Simply put, human resources hinges on its ability to engage, align, and attract people. Sustainability contends a similar role: it too engages employees with challenging, albeit exciting, problems, aligns stakeholders behind a shared green vision, and, through achieving the latter two points, attracts new employees to the organization’s responsible approach to business while also reducing the organizations environmental impact.
And as businesses grapple with newer and less resource-depleting ways to retain or attract talent, sustainability becomes increasingly important and serves as a distinguishably competitive way to get one up on competitors.
That said, truth lies in numbers. Here they are: Morale among employees within companies with strong sustainability programs saw a 55% increase compared to the base value and thereby reduced turnover, absenteeism and burnout by 25% to 50%. All to say that strong sustainability equates to a demonstrably stronger human resources. (Download our business case to see more stats like this)
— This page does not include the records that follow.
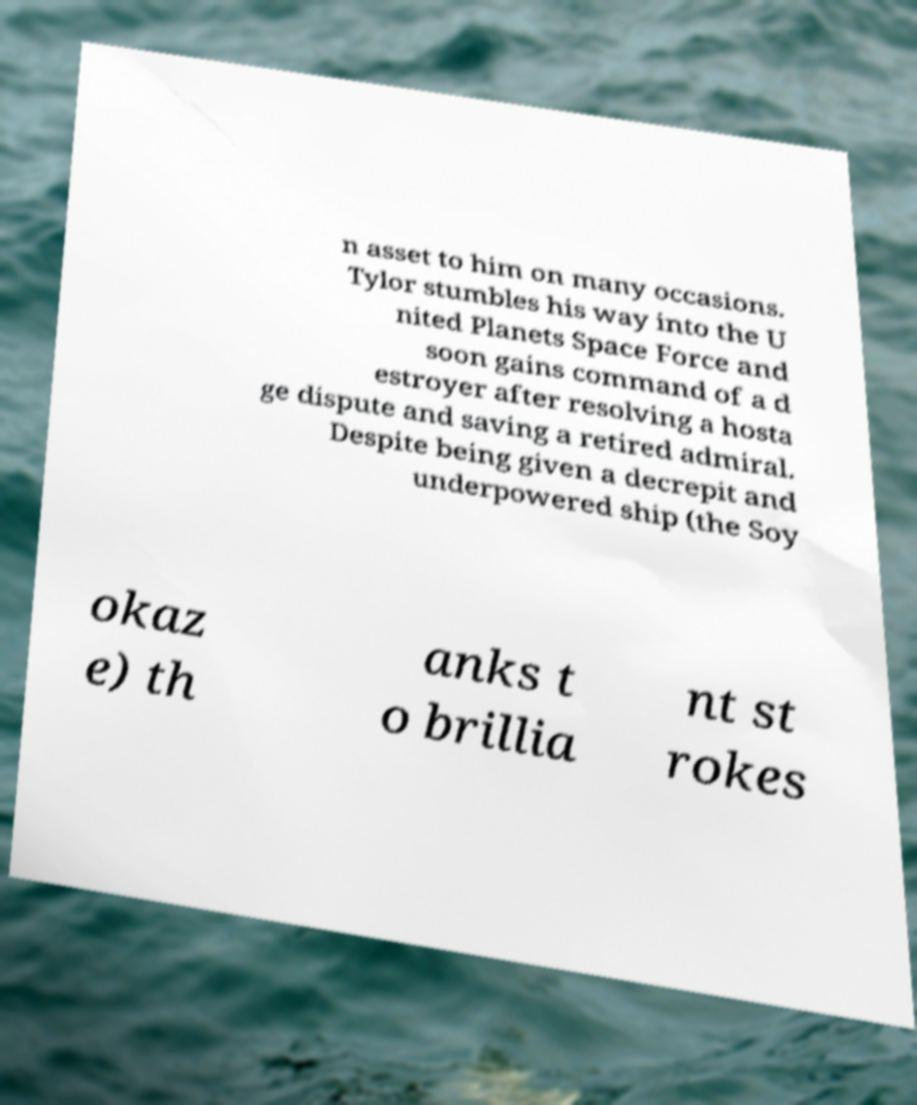There's text embedded in this image that I need extracted. Can you transcribe it verbatim? n asset to him on many occasions. Tylor stumbles his way into the U nited Planets Space Force and soon gains command of a d estroyer after resolving a hosta ge dispute and saving a retired admiral. Despite being given a decrepit and underpowered ship (the Soy okaz e) th anks t o brillia nt st rokes 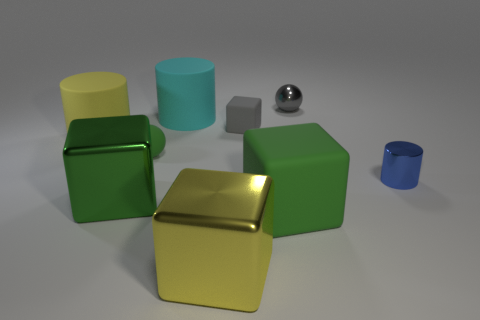Subtract 1 cubes. How many cubes are left? 3 Add 1 small gray rubber cubes. How many objects exist? 10 Subtract all red blocks. Subtract all blue balls. How many blocks are left? 4 Subtract all cylinders. How many objects are left? 6 Subtract all small red shiny spheres. Subtract all yellow rubber things. How many objects are left? 8 Add 7 big rubber cylinders. How many big rubber cylinders are left? 9 Add 4 small gray cubes. How many small gray cubes exist? 5 Subtract 2 green blocks. How many objects are left? 7 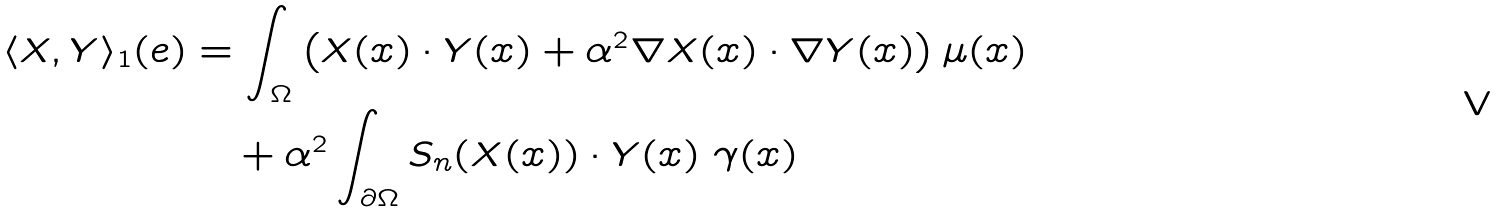<formula> <loc_0><loc_0><loc_500><loc_500>\langle X , Y \rangle _ { 1 } ( e ) & = \int _ { \Omega } \left ( X ( x ) \cdot Y ( x ) + \alpha ^ { 2 } \nabla X ( x ) \cdot \nabla Y ( x ) \right ) \mu ( x ) \\ & \quad + \alpha ^ { 2 } \int _ { \partial \Omega } S _ { n } ( X ( x ) ) \cdot Y ( x ) \ \gamma ( x )</formula> 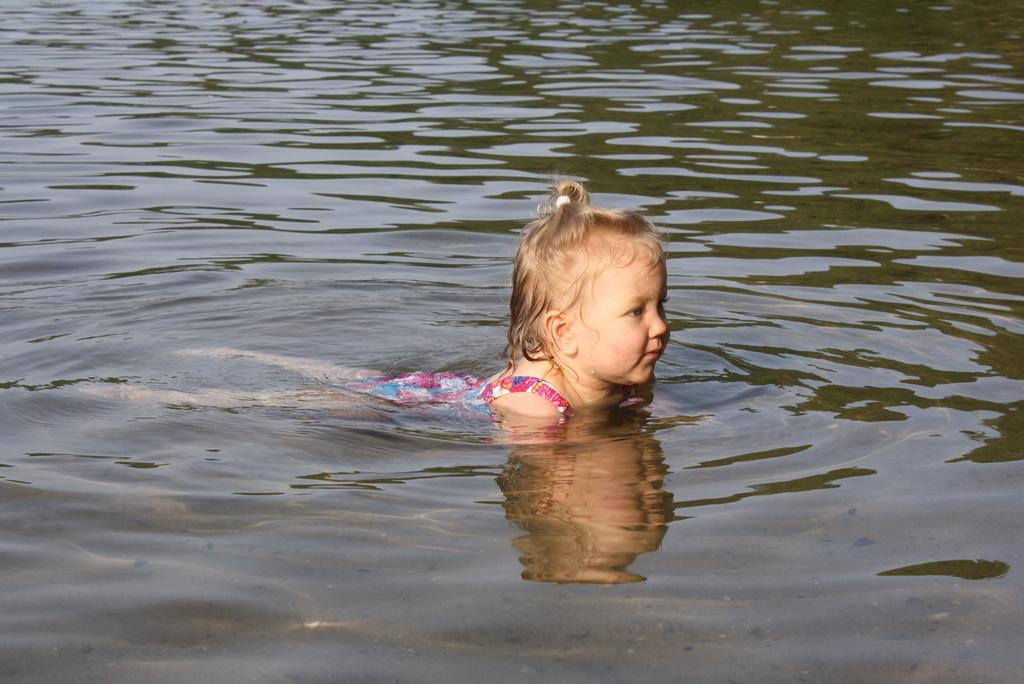What is the main subject of the image? The main subject of the image is a kid in the water. Where is the kid located in the image? The kid is in the water in the center of the image. What type of record can be seen floating in the water next to the goose? There is no record or goose present in the image; it features a kid in the water. 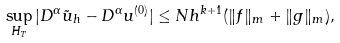<formula> <loc_0><loc_0><loc_500><loc_500>\sup _ { H _ { T } } | D ^ { \alpha } \tilde { u } _ { h } - D ^ { \alpha } u ^ { ( 0 ) } | \leq N h ^ { k + 1 } ( \| f \| _ { m } + \| g \| _ { m } ) ,</formula> 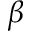Convert formula to latex. <formula><loc_0><loc_0><loc_500><loc_500>\beta</formula> 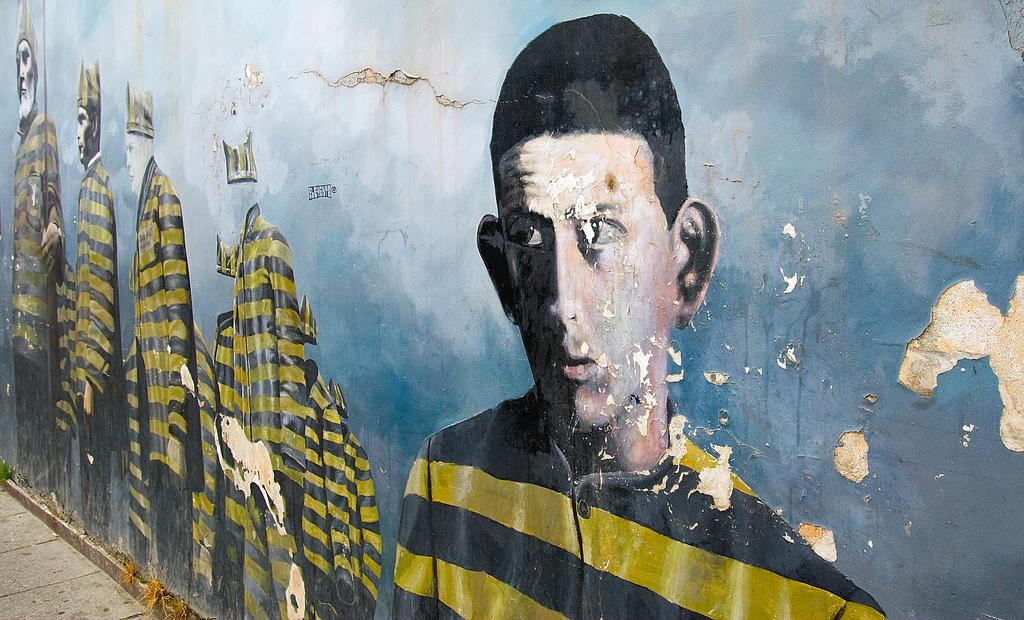What is present on the wall in the image? There are paintings of people on the wall in the image. What are the people in the paintings wearing? The people in the paintings are wearing yellow and gray dresses. What colors are used on the wall? The wall has a blue and white color scheme. What type of plastic material can be seen in the image? There is no plastic material present in the image. How does the ray of sunshine interact with the people in the paintings? There is no ray of sunshine present in the image; it only features paintings on a wall. 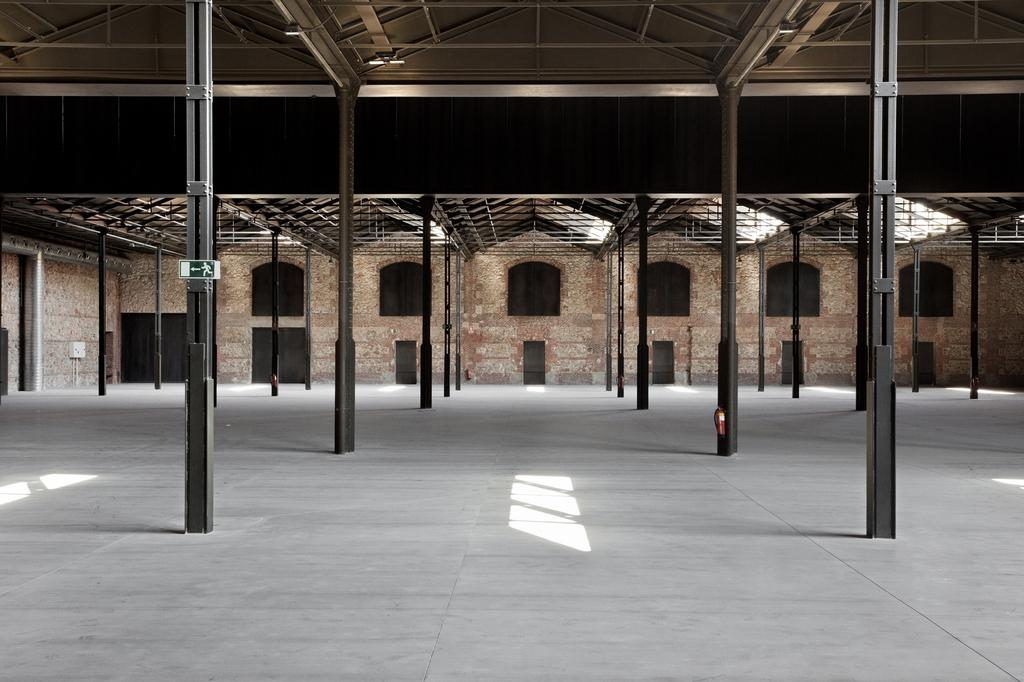What type of structure is visible in the image? There is a building in the image. What is located in front of the building? There are sheds in front of the building. What other objects can be seen in the image? There are poles and a sign board on a pole in the image. Are there any openings in the building? Yes, there are windows in the image. What color is the dust on the button in the image? There is no dust or button present in the image. What is the wish of the person standing next to the building in the image? There is no person standing next to the building in the image. 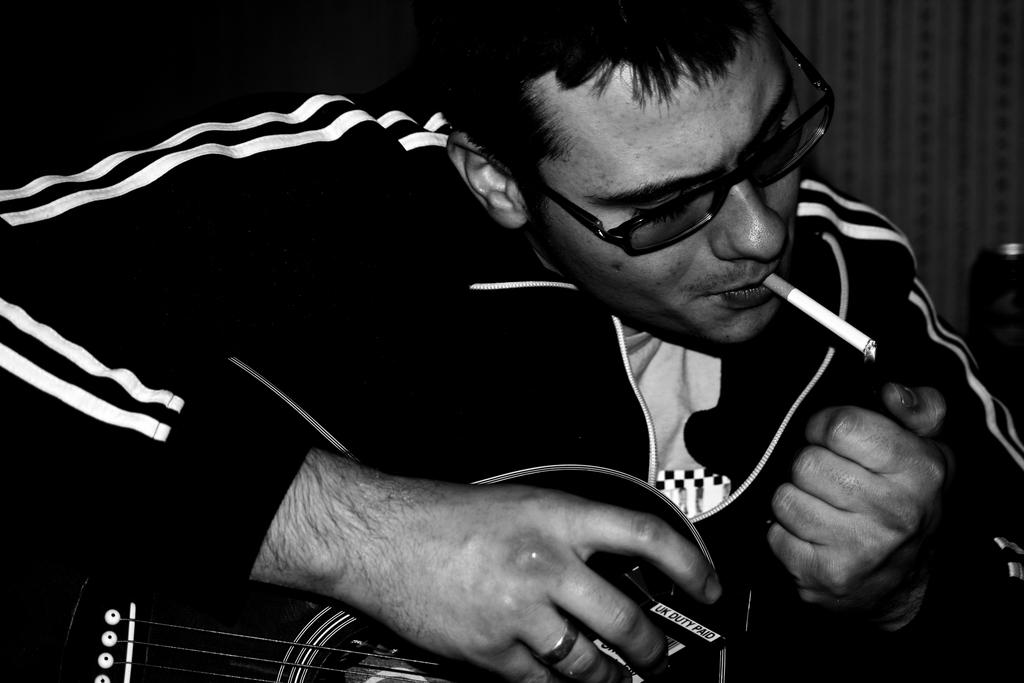What is the person holding in their mouth in the image? The person has a cigarette in their mouth. What accessory is the person wearing in the image? The person is wearing spectacles. What musical instrument is the person holding in the image? The person is holding a guitar. What object is the person holding in their hand, other than the guitar? The person is holding a box. How many boats can be seen in the image? There are no boats present in the image. What type of geese are visible in the image? There are no geese present in the image. 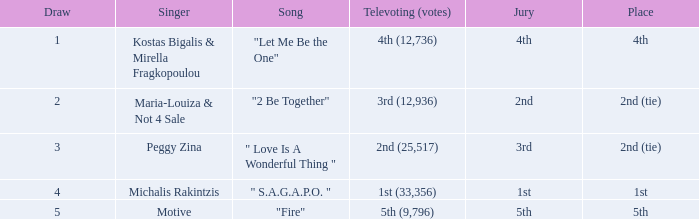What song was 2nd (25,517) in televoting (votes)? " Love Is A Wonderful Thing ". 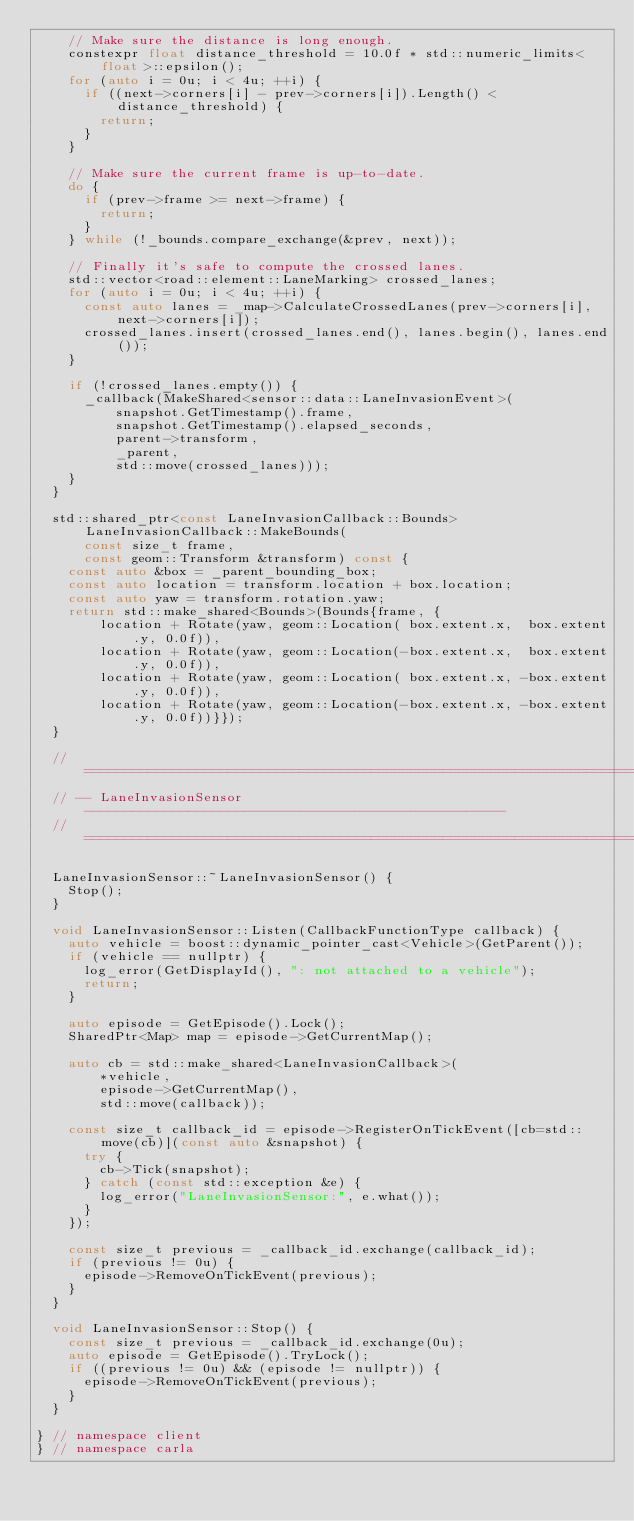Convert code to text. <code><loc_0><loc_0><loc_500><loc_500><_C++_>    // Make sure the distance is long enough.
    constexpr float distance_threshold = 10.0f * std::numeric_limits<float>::epsilon();
    for (auto i = 0u; i < 4u; ++i) {
      if ((next->corners[i] - prev->corners[i]).Length() < distance_threshold) {
        return;
      }
    }

    // Make sure the current frame is up-to-date.
    do {
      if (prev->frame >= next->frame) {
        return;
      }
    } while (!_bounds.compare_exchange(&prev, next));

    // Finally it's safe to compute the crossed lanes.
    std::vector<road::element::LaneMarking> crossed_lanes;
    for (auto i = 0u; i < 4u; ++i) {
      const auto lanes = _map->CalculateCrossedLanes(prev->corners[i], next->corners[i]);
      crossed_lanes.insert(crossed_lanes.end(), lanes.begin(), lanes.end());
    }

    if (!crossed_lanes.empty()) {
      _callback(MakeShared<sensor::data::LaneInvasionEvent>(
          snapshot.GetTimestamp().frame,
          snapshot.GetTimestamp().elapsed_seconds,
          parent->transform,
          _parent,
          std::move(crossed_lanes)));
    }
  }

  std::shared_ptr<const LaneInvasionCallback::Bounds> LaneInvasionCallback::MakeBounds(
      const size_t frame,
      const geom::Transform &transform) const {
    const auto &box = _parent_bounding_box;
    const auto location = transform.location + box.location;
    const auto yaw = transform.rotation.yaw;
    return std::make_shared<Bounds>(Bounds{frame, {
        location + Rotate(yaw, geom::Location( box.extent.x,  box.extent.y, 0.0f)),
        location + Rotate(yaw, geom::Location(-box.extent.x,  box.extent.y, 0.0f)),
        location + Rotate(yaw, geom::Location( box.extent.x, -box.extent.y, 0.0f)),
        location + Rotate(yaw, geom::Location(-box.extent.x, -box.extent.y, 0.0f))}});
  }

  // ===========================================================================
  // -- LaneInvasionSensor -----------------------------------------------------
  // ===========================================================================

  LaneInvasionSensor::~LaneInvasionSensor() {
    Stop();
  }

  void LaneInvasionSensor::Listen(CallbackFunctionType callback) {
    auto vehicle = boost::dynamic_pointer_cast<Vehicle>(GetParent());
    if (vehicle == nullptr) {
      log_error(GetDisplayId(), ": not attached to a vehicle");
      return;
    }

    auto episode = GetEpisode().Lock();
    SharedPtr<Map> map = episode->GetCurrentMap();

    auto cb = std::make_shared<LaneInvasionCallback>(
        *vehicle,
        episode->GetCurrentMap(),
        std::move(callback));

    const size_t callback_id = episode->RegisterOnTickEvent([cb=std::move(cb)](const auto &snapshot) {
      try {
        cb->Tick(snapshot);
      } catch (const std::exception &e) {
        log_error("LaneInvasionSensor:", e.what());
      }
    });

    const size_t previous = _callback_id.exchange(callback_id);
    if (previous != 0u) {
      episode->RemoveOnTickEvent(previous);
    }
  }

  void LaneInvasionSensor::Stop() {
    const size_t previous = _callback_id.exchange(0u);
    auto episode = GetEpisode().TryLock();
    if ((previous != 0u) && (episode != nullptr)) {
      episode->RemoveOnTickEvent(previous);
    }
  }

} // namespace client
} // namespace carla
</code>

Organizational prosperity relies largely on consumers, suppliers, or partners and on their willingness to work with organizations based on their service, quality, price and, increasingly, their resulting social or environmental impact. Consumers are overwhelmingly concerned by the role businesses play in either exacerbating or curtailing climate consequences (87%) and vehemently support companies with purpose-driven missions (79%).
That matters because businesses, big and small, exist to serve customers and thereby rely, in massive part, on their repeated purchases and loyalty or on attracting newer customers. Among the growing consumers that are concerned by the role business plays in the climate crisis, 54% reported their willingness to spend a premium on products that are either socially or environmentally procured whilst another 50% surveyed expressed interest in switching to brands with stronger social and environmental strategies.
All to say that in a business’s quest to appeal to its consumers, suppliers or partners and as a way to distinguish its value proposition among competitors, sustainability represents a proven competitive advantage. Be it through limitations in scope 1, 2, and 3 emissions, compliance with internationally recognized accreditations or protocols, waste reductions, circular packaging, or merely embedding green practices into corporate policies, sustainability makes good business, hedges any looming scrutiny, and espouses a truly sustainable competitive advantage – in a dual green and business sense.
So businesses, stop equating sustainability to tree hugging and start seeing it as a competitive advantage!